Глава 20
Часы пробивают полночь, разносясь призрачным эхом в обширном поместье, которое сейчас ощущается больше крепостью, нежели домом. Мой взгляд задерживается на Еве, ее глаза слишком широко распахнуты и слишком насторожены. Я могу сказать, что она взвешивает риски, с которыми мне придется столкнуться. Этим вечером я не хочу быть один.
— Останься, — говорю я тихим голосом, стараясь, чтобы мои слова прозвучали как предложение, а не как приказ, — бывшая комната Амелии пустует. Уже поздно, и Марко… он уже уехал, и я не хочу, чтобы ты возвращалась домой без сопровождения.
Она смотрит на меня, тень улыбки трогает ее губы, что резко контрастирует с напряжением, притаившимся внутри меня.

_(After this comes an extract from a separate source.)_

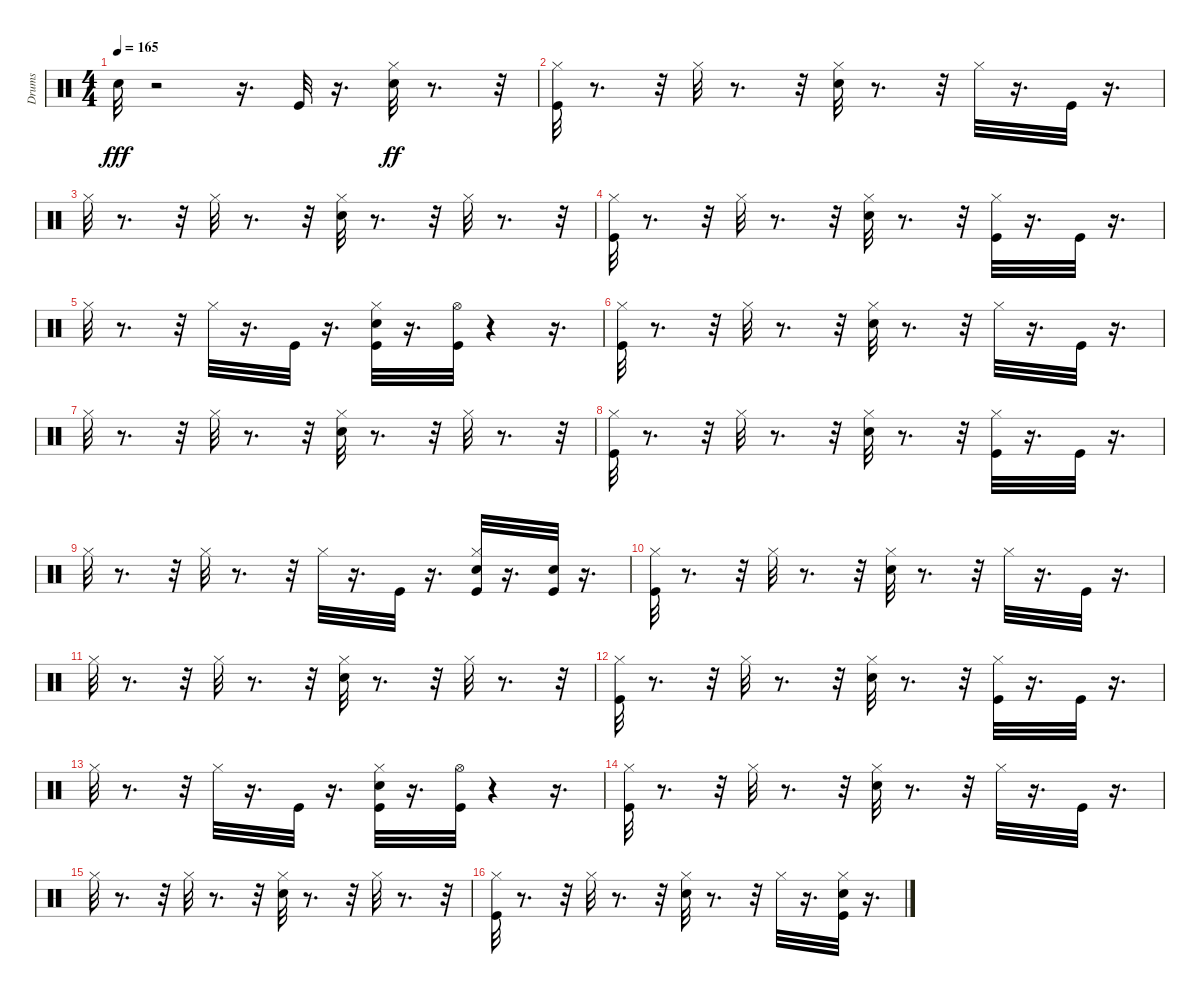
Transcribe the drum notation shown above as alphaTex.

— Если ты уверен, что это не проблема.
Я киваю, подавляя желание протянуть руку и заверить ее не с помощью одних лишь слов.
— Я предпочитаю быть уверен, что ты рядом со мной и в безопасности.
Между нами повисает молчание, слишком тяжелое от невысказанных слов, пока она не нарушает его звонким смехом, внезапным и ярким.
— Знаешь, что заставило бы меня чувствовать себя в еще большей безопасности? Ночной перекус. Есть ли шанс, что на твоей кухне найдется что-то греховно вредное для здоровья?
— Серьезно? После всего, что произошло сегодня вечером, ты действительно можешь думать о еде?
Она похлопывает себя по животу и усмехается мне.
— Я всегда думаю о еде.
Я ухмыляюсь в ответ, прежде чем повернуться и подтолкнуть ее в сторону кухни.
— Я тоже, пойдем. Думаю, Амелия припрятала где-то там свои запасы шоколада.
Пока мы идем, напряжение спадает с моих плеч, уступая место теплу, не имеющему ничего общего с температурой воздуха в пентхаусе. Гул холодильника наполняет пространство, когда я включаю свет на кухне. Тени отступают в углы, изгнанные мягким светом, окутывающим столешницу.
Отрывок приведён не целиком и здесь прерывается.